Your task: Count the lines below that include the word "each" and write that number alone.

Data for analysis:
■ ■ ■ ■
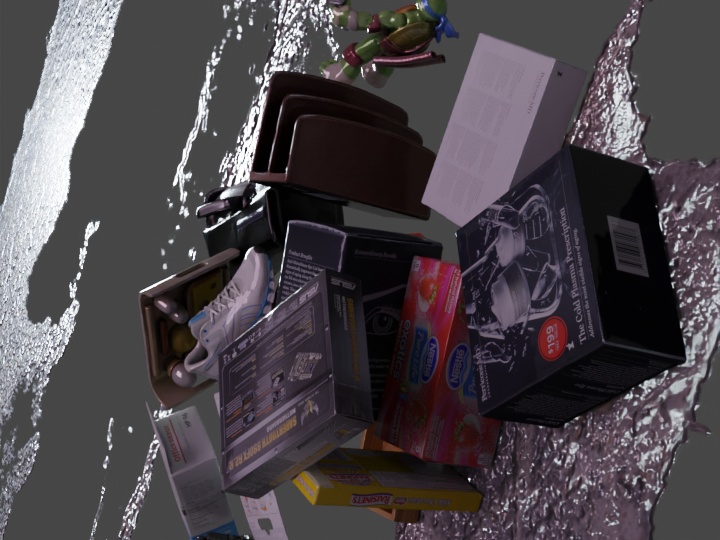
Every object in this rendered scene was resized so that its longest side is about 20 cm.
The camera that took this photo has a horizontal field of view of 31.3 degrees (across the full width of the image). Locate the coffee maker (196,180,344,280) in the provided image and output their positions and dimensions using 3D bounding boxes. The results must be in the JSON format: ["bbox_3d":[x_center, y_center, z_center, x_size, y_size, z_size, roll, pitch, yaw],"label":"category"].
[{"bbox_3d":[-0.111,-0.047,1.731,0.199,0.134,0.194,-19,98,56],"label":"coffee maker"}]

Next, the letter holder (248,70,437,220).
[{"bbox_3d":[-0.012,-0.151,1.505,0.100,0.198,0.144,9,87,59],"label":"letter holder"}]

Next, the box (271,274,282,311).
[{"bbox_3d":[-0.070,0.109,1.582,0.200,0.039,0.138,49,122,53],"label":"box"}]

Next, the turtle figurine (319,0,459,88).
[{"bbox_3d":[0.022,-0.318,1.571,0.194,0.199,0.144,-44,10,49],"label":"turtle figurine"}]

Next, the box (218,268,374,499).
[{"bbox_3d":[-0.069,0.115,1.277,0.200,0.048,0.160,-39,46,40],"label":"box"}]

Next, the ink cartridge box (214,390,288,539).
[{"bbox_3d":[-0.120,0.235,1.605,0.162,0.050,0.203,-30,77,67],"label":"ink cartridge box"}]

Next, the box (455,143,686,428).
[{"bbox_3d":[0.190,0.020,1.203,0.182,0.103,0.202,-40,47,48],"label":"box"}]

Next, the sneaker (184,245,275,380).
[{"bbox_3d":[-0.172,0.059,1.645,0.075,0.086,0.202,52,126,54],"label":"sneaker"}]

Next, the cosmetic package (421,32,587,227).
[{"bbox_3d":[0.150,-0.140,1.377,0.151,0.051,0.202,40,113,59],"label":"cosmetic package"}]

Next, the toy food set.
[{"bbox_3d":[-0.214,0.078,1.708,0.060,0.143,0.202,36,140,35],"label":"toy food set"}]

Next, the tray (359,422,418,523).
[{"bbox_3d":[0.045,0.174,1.457,0.098,0.037,0.203,10,89,59],"label":"tray"}]

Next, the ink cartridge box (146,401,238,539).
[{"bbox_3d":[-0.230,0.273,1.755,0.116,0.067,0.202,-125,20,-50],"label":"ink cartridge box"}]

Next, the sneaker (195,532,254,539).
[{"bbox_3d":[-0.147,0.387,1.630,0.199,0.113,0.077,21,99,57],"label":"sneaker"}]

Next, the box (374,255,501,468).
[{"bbox_3d":[0.096,0.094,1.342,0.099,0.094,0.203,16,93,58],"label":"box"}]

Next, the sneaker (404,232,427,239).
[{"bbox_3d":[0.000,0.000,1.548,0.200,0.081,0.078,-38,48,47],"label":"sneaker"}]

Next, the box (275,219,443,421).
[{"bbox_3d":[-0.008,0.055,1.386,0.104,0.147,0.203,14,95,48],"label":"box"}]

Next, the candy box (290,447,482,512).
[{"bbox_3d":[0.019,0.215,1.326,0.102,0.198,0.027,38,115,57],"label":"candy box"}]
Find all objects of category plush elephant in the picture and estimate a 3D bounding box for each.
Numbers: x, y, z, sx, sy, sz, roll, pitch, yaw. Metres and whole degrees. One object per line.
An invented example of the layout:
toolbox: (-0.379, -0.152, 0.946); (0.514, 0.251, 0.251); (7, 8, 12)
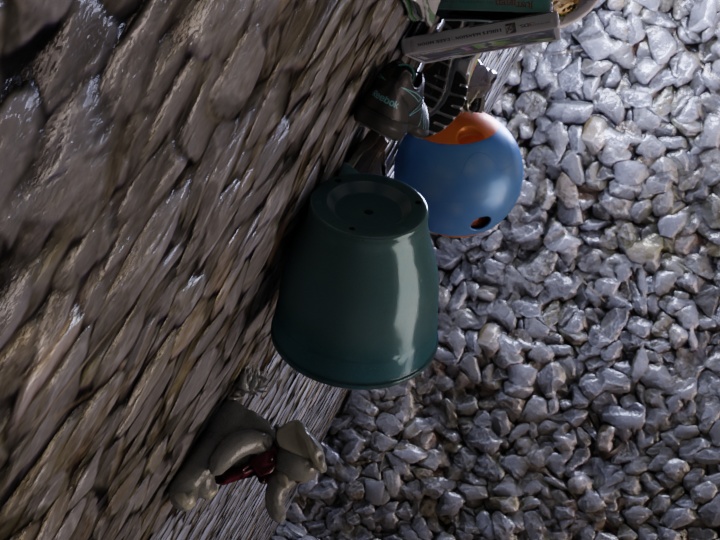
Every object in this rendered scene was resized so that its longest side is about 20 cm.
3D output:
plush elephant: (-0.121, 0.239, 1.548); (0.201, 0.154, 0.165); (-60, 175, -8)

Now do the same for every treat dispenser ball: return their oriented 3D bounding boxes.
treat dispenser ball: (0.151, -0.151, 1.904); (0.201, 0.200, 0.201); (-61, 175, -10)

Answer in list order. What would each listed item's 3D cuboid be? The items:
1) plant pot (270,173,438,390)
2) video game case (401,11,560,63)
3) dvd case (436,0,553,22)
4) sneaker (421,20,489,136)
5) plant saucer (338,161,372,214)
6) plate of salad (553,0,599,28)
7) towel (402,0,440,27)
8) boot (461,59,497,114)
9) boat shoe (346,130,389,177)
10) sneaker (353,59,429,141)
plant pot: (0.000, 0.000, 1.407); (0.200, 0.199, 0.189); (-55, 156, -51)
video game case: (0.151, -0.279, 1.491); (0.200, 0.181, 0.023); (-33, 114, -78)
dvd case: (0.166, -0.321, 1.519); (0.200, 0.145, 0.022); (-43, 136, -77)
sneaker: (0.122, -0.273, 1.691); (0.201, 0.078, 0.090); (-61, -178, 17)
plant saucer: (-0.016, -0.056, 1.534); (0.019, 0.070, 0.200); (-45, 167, -27)
plate of salad: (0.258, -0.421, 1.634); (0.201, 0.199, 0.048); (-62, -156, 3)
towel: (0.104, -0.361, 1.303); (0.201, 0.031, 0.149); (-62, 175, 4)
boot: (0.139, -0.259, 1.805); (0.200, 0.095, 0.074); (-57, 173, -43)
boat shoe: (0.014, -0.102, 1.541); (0.075, 0.073, 0.200); (-59, 174, -29)
sneaker: (0.052, -0.197, 1.415); (0.080, 0.075, 0.200); (-65, 174, 14)
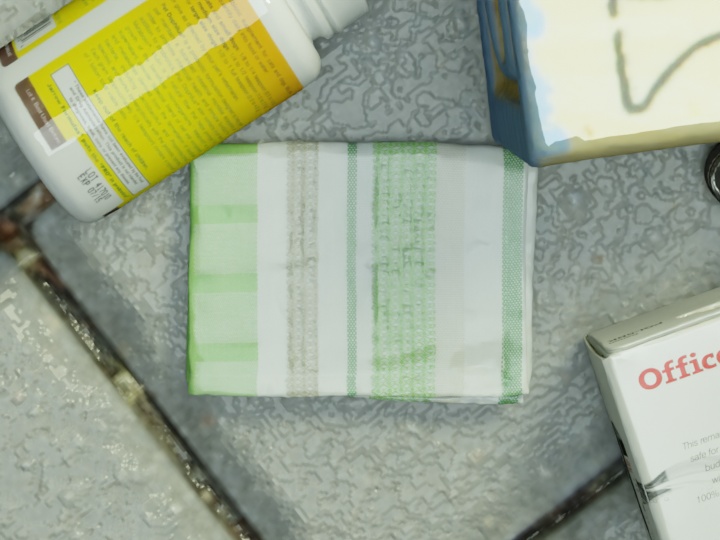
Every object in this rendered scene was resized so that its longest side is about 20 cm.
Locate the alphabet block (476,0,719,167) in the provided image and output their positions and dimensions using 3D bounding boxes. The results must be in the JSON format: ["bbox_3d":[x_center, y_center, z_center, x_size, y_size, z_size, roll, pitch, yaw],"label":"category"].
[{"bbox_3d":[0.166,-0.168,1.418,0.199,0.196,0.197,-7,99,-2],"label":"alphabet block"}]

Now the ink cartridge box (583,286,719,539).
[{"bbox_3d":[0.228,0.110,1.513,0.146,0.083,0.201,-19,99,-1],"label":"ink cartridge box"}]

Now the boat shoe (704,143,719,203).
[{"bbox_3d":[0.280,-0.034,1.471,0.199,0.057,0.067,17,113,21],"label":"boat shoe"}]

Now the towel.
[{"bbox_3d":[0.000,0.000,1.517,0.199,0.031,0.150,1,95,-1],"label":"towel"}]

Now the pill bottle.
[{"bbox_3d":[-0.098,-0.121,1.451,0.199,0.109,0.110,-33,98,2],"label":"pill bottle"}]
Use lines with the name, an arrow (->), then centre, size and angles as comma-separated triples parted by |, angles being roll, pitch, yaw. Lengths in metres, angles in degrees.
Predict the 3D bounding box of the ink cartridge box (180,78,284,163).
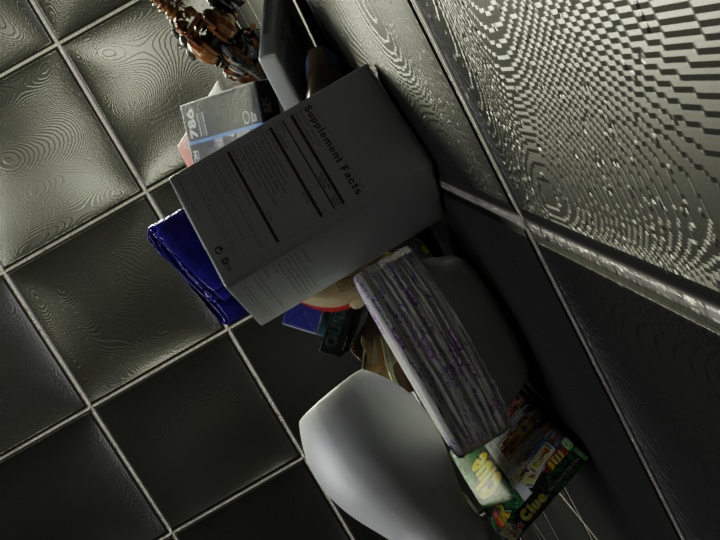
■ ■ ■ ■
Task solution: 2